What is the expected UK inflation rate for 2022? ›

In 2022 the annual inflation rate for the United Kingdom is expected to reach an annual rate of 9.1 percent before falling to 7.4 percent in 2023, and then 0.6 percent in 2024. During the provided time period which shows outturn, the inflation rate was at it's highest in 2011 when it reached 4.5 percent.

What is the current UK CPI rate for 2022? ›

The UK inflation rate reached a high of 11.1 percent in October 2022, compared with 10.1 percent in September. Surging housing costs contributed the most towards inflation in the most recent month and have increased by 26.6 percent since last year.

Is 2022 a recession? ›

According to the NBER's definition of recession—a significant decline in economic activity that is spread across the economy and that lasts more than a few months—we were not in a recession in the summer of 2022.

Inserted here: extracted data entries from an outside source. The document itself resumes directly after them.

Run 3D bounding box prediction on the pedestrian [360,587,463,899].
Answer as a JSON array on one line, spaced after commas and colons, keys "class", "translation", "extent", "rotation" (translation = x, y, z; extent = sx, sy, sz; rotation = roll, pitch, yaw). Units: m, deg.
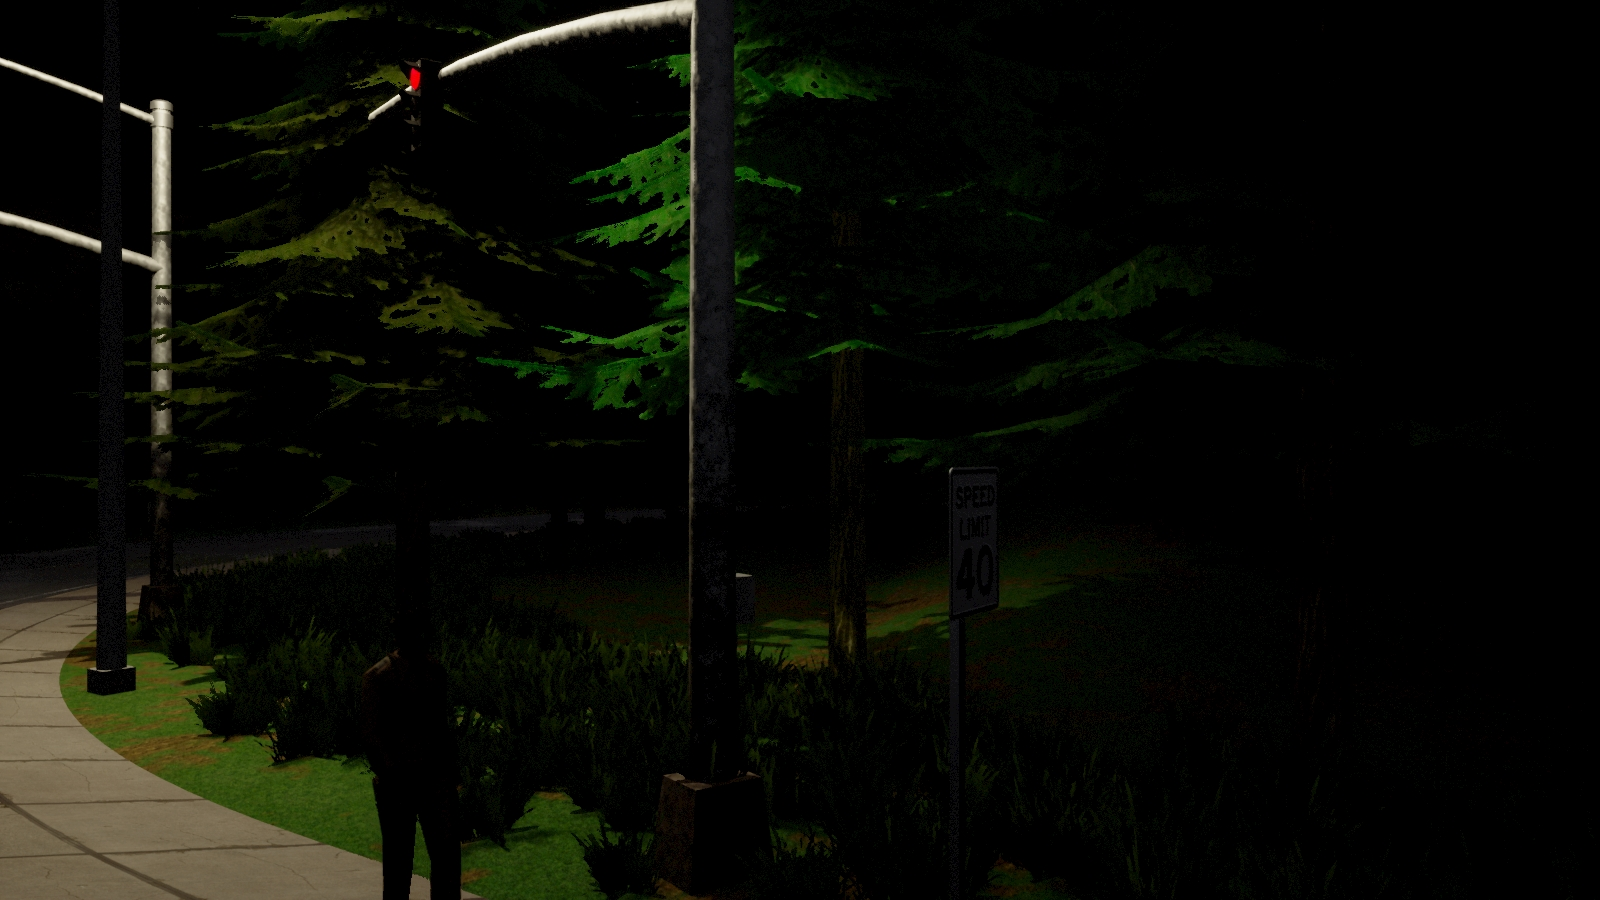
[{"class": "pedestrian", "translation": [-2.009, 1.671, 5.905], "extent": [0.375, 1.860, 0.375], "rotation": [0, 0, 45]}]
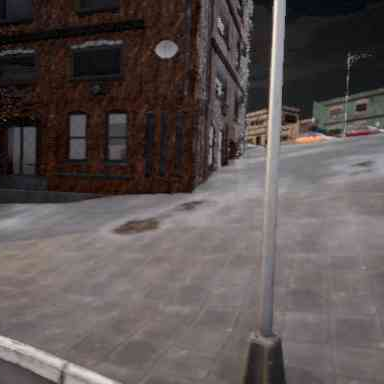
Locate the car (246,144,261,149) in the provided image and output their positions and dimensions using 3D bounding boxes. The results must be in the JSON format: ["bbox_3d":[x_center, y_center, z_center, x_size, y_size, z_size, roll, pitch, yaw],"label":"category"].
[{"bbox_3d":[7.510,-5.646,44.162,2.231,1.521,4.892,1,2,-29],"label":"car"}]

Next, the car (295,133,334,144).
[{"bbox_3d":[12.928,-5.358,34.573,2.185,1.767,4.553,1,2,-29],"label":"car"}]

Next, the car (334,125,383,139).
[{"bbox_3d":[15.640,-5.144,29.769,2.185,1.767,4.553,1,2,-29],"label":"car"}]
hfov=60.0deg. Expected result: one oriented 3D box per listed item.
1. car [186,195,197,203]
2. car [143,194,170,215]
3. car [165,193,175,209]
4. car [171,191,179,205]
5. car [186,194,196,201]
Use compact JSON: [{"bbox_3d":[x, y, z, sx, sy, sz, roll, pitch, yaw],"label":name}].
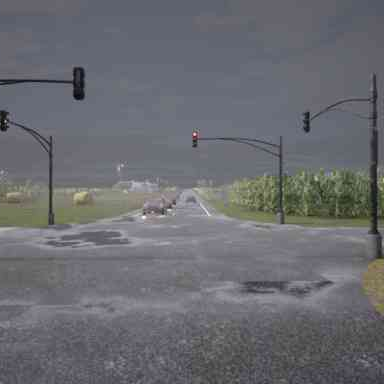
[{"bbox_3d":[-0.120,1.410,66.140,1.837,1.490,4.892,0,0,0],"label":"car"},{"bbox_3d":[-3.718,1.325,33.910,2.097,1.767,4.553,0,0,0],"label":"car"},{"bbox_3d":[-3.712,1.310,44.006,2.097,1.767,4.553,0,0,0],"label":"car"},{"bbox_3d":[-3.729,1.156,55.160,2.150,2.045,5.566,0,0,0],"label":"car"},{"bbox_3d":[-0.198,1.330,76.444,2.128,1.511,4.902,0,0,0],"label":"car"}]
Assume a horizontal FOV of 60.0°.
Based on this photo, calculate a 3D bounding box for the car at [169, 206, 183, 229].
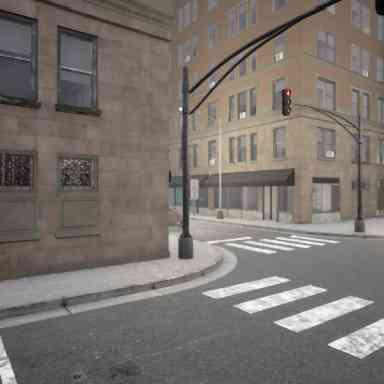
[{"bbox_3d":[-2.112,1.424,20.205,1.812,1.442,4.674,0,0,-36],"label":"car"}]
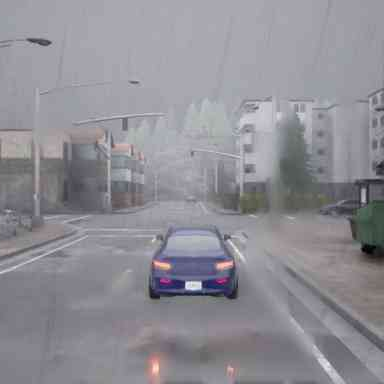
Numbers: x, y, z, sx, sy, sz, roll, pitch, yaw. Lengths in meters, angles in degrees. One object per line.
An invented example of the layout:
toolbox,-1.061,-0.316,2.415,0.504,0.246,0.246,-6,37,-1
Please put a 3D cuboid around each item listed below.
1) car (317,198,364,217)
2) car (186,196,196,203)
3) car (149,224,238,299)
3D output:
car,13.092,1.327,28.103,4.892,1.490,1.837,0,0,0
car,-0.152,1.523,66.956,1.812,1.442,4.674,0,0,0
car,0.039,1.525,8.314,1.812,1.442,4.674,0,0,0
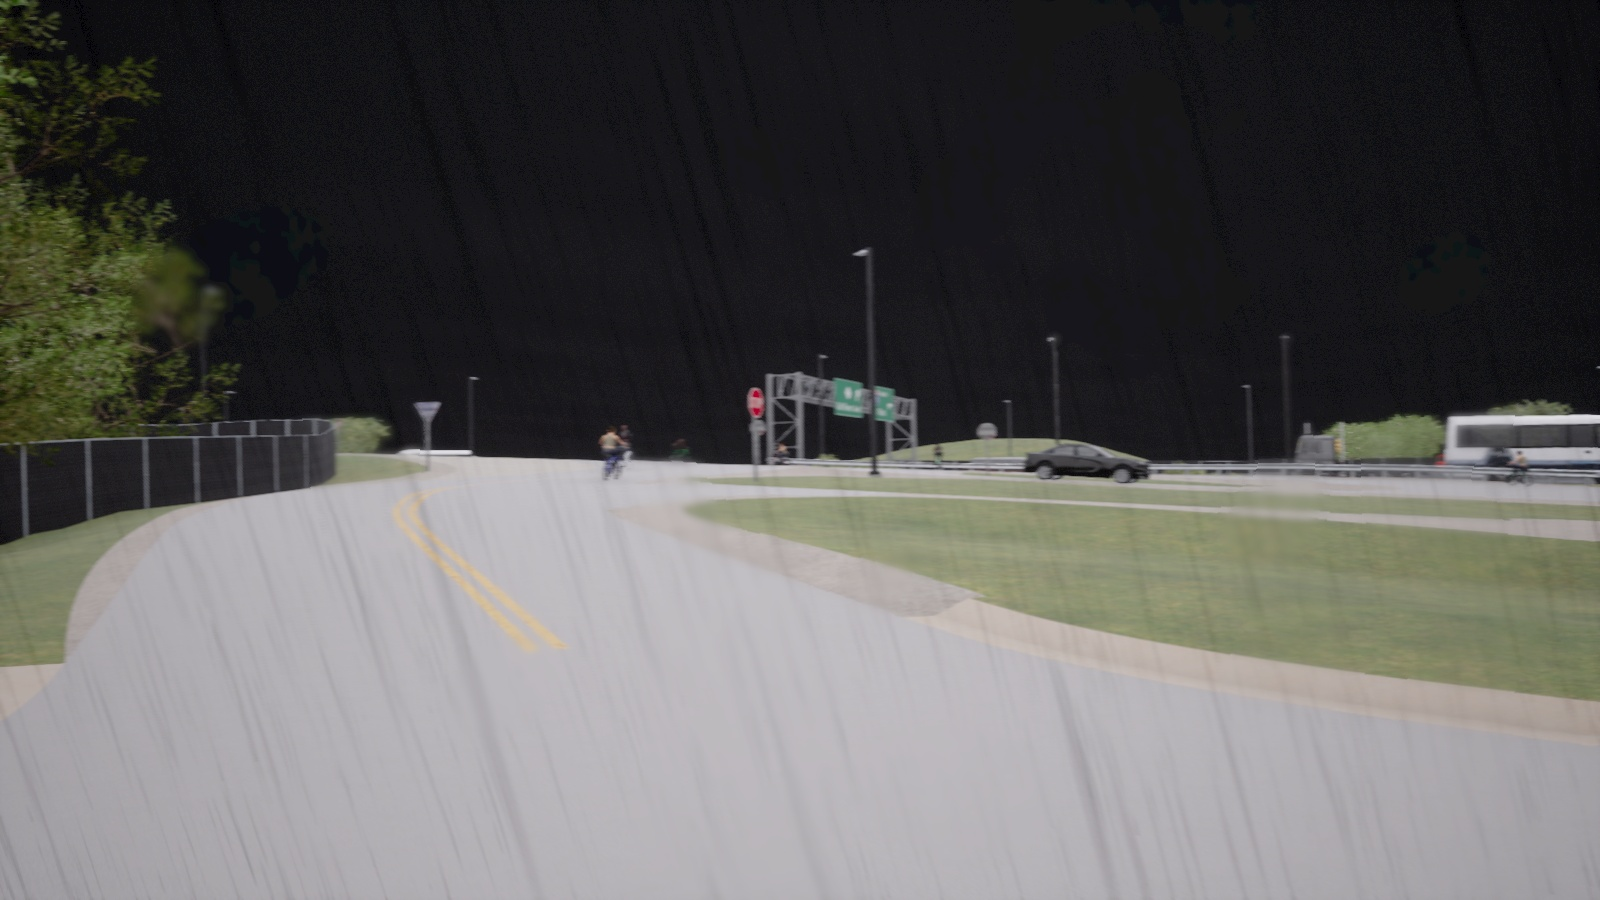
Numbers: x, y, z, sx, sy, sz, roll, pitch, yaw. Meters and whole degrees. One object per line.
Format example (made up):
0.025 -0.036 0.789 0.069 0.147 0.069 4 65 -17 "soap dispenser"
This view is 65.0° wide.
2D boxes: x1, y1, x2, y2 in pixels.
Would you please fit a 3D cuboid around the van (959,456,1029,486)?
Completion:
13.272 1.438 85.950 4.442 1.987 1.775 -1 -2 24 "van"

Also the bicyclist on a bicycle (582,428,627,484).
-5.782 0.166 37.152 0.866 1.612 1.509 0 1 10 "bicyclist on a bicycle"

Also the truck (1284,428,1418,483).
36.470 0.439 83.296 7.936 3.462 2.891 -1 -2 24 "truck"

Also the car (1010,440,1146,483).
11.199 0.456 50.564 5.008 1.535 1.882 2 -1 25 "car"

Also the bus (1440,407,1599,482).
44.601 -0.242 75.855 10.273 4.253 3.944 -1 -2 24 "bus"

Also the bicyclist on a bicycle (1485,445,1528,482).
31.861 0.601 56.682 0.866 1.612 1.509 -3 1 -9 "bicyclist on a bicycle"
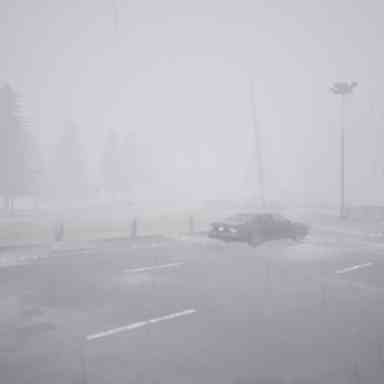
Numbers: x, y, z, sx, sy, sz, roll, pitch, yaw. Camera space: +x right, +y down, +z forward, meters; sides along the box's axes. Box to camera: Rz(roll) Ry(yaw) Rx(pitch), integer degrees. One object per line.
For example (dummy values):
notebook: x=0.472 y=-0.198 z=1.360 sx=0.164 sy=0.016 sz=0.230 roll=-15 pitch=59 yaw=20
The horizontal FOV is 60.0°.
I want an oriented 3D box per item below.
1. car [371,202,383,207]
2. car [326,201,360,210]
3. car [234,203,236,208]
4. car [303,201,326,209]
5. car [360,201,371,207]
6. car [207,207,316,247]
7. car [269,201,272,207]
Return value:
car: x=36.492 y=2.648 z=62.497 sx=5.357 sy=1.411 sz=2.033 roll=2 pitch=-1 yaw=-37
car: x=24.310 y=2.143 z=53.354 sx=4.902 sy=1.511 sz=2.128 roll=2 pitch=-1 yaw=-37
car: x=7.907 y=1.529 z=45.445 sx=4.553 sy=1.767 sz=2.097 roll=1 pitch=0 yaw=-37
car: x=20.743 y=2.122 z=55.050 sx=5.357 sy=1.411 sz=2.033 roll=2 pitch=-1 yaw=-36
car: x=33.452 y=2.542 z=64.588 sx=4.892 sy=1.490 sz=1.837 roll=2 pitch=-1 yaw=-37
car: x=3.192 y=1.608 z=15.274 sx=5.357 sy=1.411 sz=2.033 roll=1 pitch=0 yaw=-38
car: x=10.138 y=1.785 z=42.752 sx=4.181 sy=1.385 sz=1.994 roll=1 pitch=0 yaw=-37
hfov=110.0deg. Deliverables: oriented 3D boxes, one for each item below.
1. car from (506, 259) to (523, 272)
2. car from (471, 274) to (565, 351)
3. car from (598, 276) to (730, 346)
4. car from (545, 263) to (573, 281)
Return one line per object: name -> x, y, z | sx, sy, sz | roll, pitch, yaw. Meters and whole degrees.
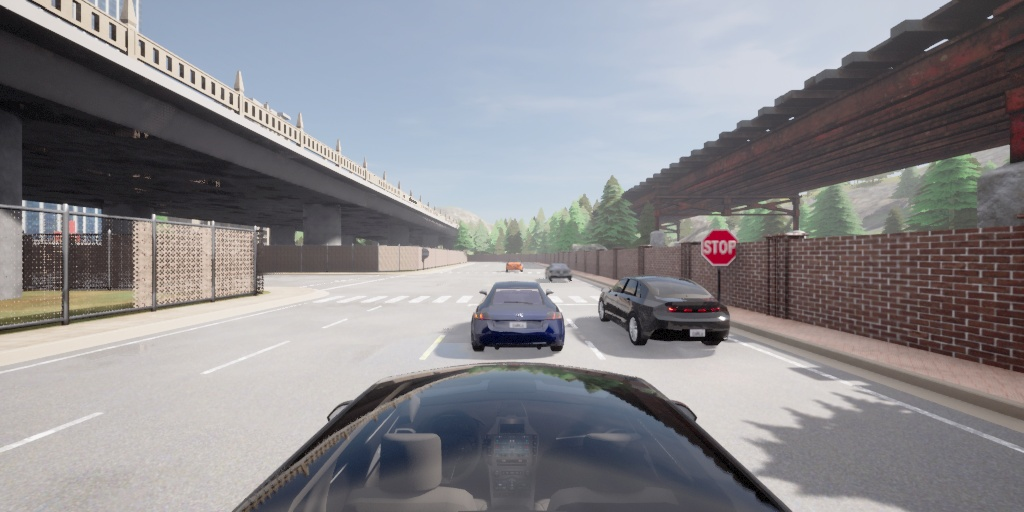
car -> 0.272, 1.102, 45.551 | 2.097, 1.767, 4.553 | 0, 0, 0
car -> 0.117, 1.314, 8.987 | 1.994, 1.385, 4.181 | 0, 0, 0
car -> 3.620, 1.255, 9.412 | 1.837, 1.490, 4.892 | 0, 0, 0
car -> 3.808, 1.298, 29.773 | 2.033, 1.411, 5.357 | 0, 0, 1
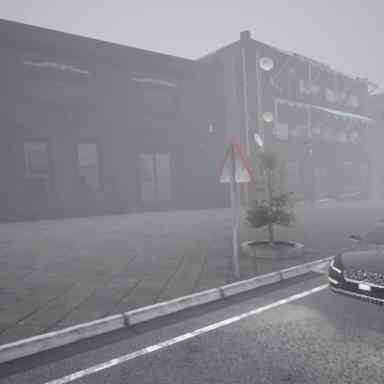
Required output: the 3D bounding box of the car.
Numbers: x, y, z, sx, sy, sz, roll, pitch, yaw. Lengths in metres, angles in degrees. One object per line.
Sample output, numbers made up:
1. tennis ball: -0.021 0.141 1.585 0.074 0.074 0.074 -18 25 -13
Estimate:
1. car: 4.820 1.296 7.120 4.892 1.490 1.837 -2 1 -38
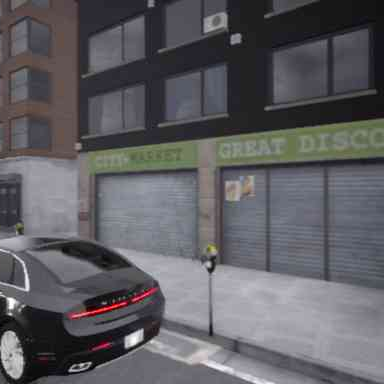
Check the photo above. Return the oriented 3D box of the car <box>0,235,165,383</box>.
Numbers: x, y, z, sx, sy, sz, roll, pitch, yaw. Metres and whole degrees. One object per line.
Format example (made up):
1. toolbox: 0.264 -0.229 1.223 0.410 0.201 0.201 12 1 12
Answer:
1. car: -2.651 1.455 5.326 4.892 1.490 1.837 1 0 36
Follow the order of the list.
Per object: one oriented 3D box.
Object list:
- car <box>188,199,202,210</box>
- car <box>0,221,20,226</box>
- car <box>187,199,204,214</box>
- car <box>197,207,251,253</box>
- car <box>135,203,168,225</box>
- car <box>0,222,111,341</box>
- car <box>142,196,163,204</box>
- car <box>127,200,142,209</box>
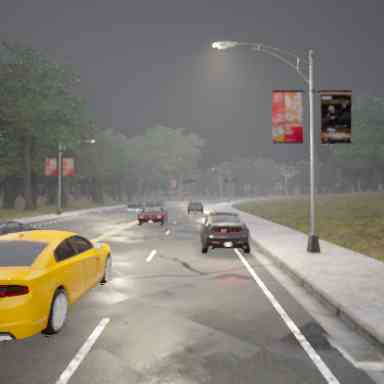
[{"bbox_3d":[0.517,1.849,49.983,1.882,1.535,5.008,0,0,4],"label":"car"},{"bbox_3d":[-6.480,1.649,10.802,1.994,1.385,4.181,0,0,0],"label":"car"},{"bbox_3d":[0.426,1.787,39.795,2.128,1.511,4.902,0,0,1],"label":"car"},{"bbox_3d":[1.286,1.603,14.068,1.837,1.490,4.892,0,0,0],"label":"car"},{"bbox_3d":[-2.902,1.790,25.646,1.895,1.301,4.718,0,0,0],"label":"car"},{"bbox_3d":[-3.063,1.529,6.827,1.882,1.535,5.008,0,0,1],"label":"car"},{"bbox_3d":[-5.874,1.626,52.692,2.150,2.045,5.566,0,0,3],"label":"car"},{"bbox_3d":[-9.034,1.984,53.568,1.994,1.385,4.181,0,0,4],"label":"car"}]
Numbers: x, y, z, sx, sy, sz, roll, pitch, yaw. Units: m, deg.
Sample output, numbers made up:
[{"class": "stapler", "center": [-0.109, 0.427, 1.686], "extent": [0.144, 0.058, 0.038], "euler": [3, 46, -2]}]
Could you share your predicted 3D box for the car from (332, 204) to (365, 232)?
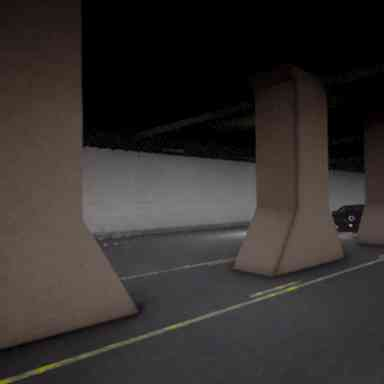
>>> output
[{"class": "car", "center": [10.807, 1.646, 22.422], "extent": [4.553, 1.767, 2.097], "euler": [0, -1, -40]}]
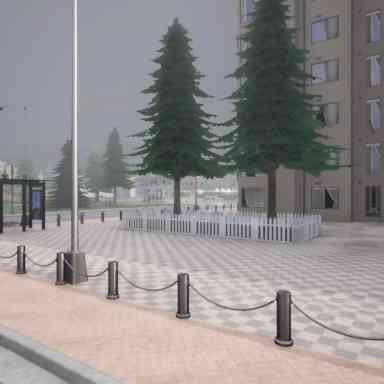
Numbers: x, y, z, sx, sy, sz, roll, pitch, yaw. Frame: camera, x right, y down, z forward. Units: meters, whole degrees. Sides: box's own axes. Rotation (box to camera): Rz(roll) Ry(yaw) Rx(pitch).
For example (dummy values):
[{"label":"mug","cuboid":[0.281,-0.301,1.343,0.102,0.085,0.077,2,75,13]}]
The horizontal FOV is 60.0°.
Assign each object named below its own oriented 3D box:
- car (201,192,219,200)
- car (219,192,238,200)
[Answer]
[{"label":"car","cuboid":[5.185,1.384,91.418,3.806,1.475,1.970,0,0,35]},{"label":"car","cuboid":[9.547,1.373,84.715,3.633,1.501,1.845,0,0,35]}]
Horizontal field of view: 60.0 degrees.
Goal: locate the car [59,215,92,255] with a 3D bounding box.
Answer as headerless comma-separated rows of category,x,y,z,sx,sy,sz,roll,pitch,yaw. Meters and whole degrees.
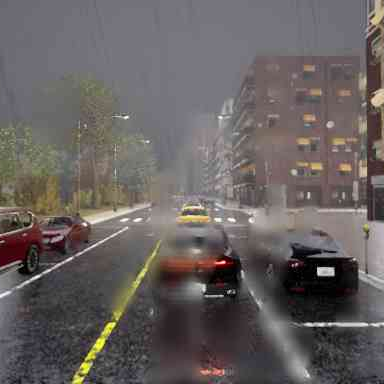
car,-5.293,1.596,13.401,1.802,1.307,4.206,1,0,0

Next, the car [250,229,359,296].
car,2.582,1.575,8.494,1.947,1.339,4.313,1,0,0

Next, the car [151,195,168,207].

What is the inflation rate in China? ›

Stats
Value from Last Month2.80%
Change from Last Month-25.00%
Value from 1 Year Ago1.50%
Change from 1 Year Ago40.00%
FrequencyMonthly
3 more rows

What is the inflation rate expected to be for the next 5 years? ›

US Expected Change in Inflation Rates: Next 5 Years is at 3.00%, compared to 2.90% last month and 3.00% last year. This is lower than the long term average of 3.20%.

What is inflation today in USA? ›

US Inflation Rate is at 7.75%, compared to 8.20% last month and 6.22% last year. This is higher than the long term average of 3.27%.

What is the US inflation rate? ›

The annual inflation rate for the United States is 7.7% for the 12 months ended October 2022 after rising 8.2% previously, according to U.S. Labor Department data published Nov. 10. The next inflation update is scheduled for release on Dec. 13 at 8:30 a.m. ET.

What is Germany's current inflation rate? ›

Current Germany inflation rate

The Consumer Price Index for Germany is 122.2 for the month of October 2022. The inflation rate year over year is 10.4% (compared to 10.0% for the previous month). Inflation from September 2022 to October 2022 was 0.9%.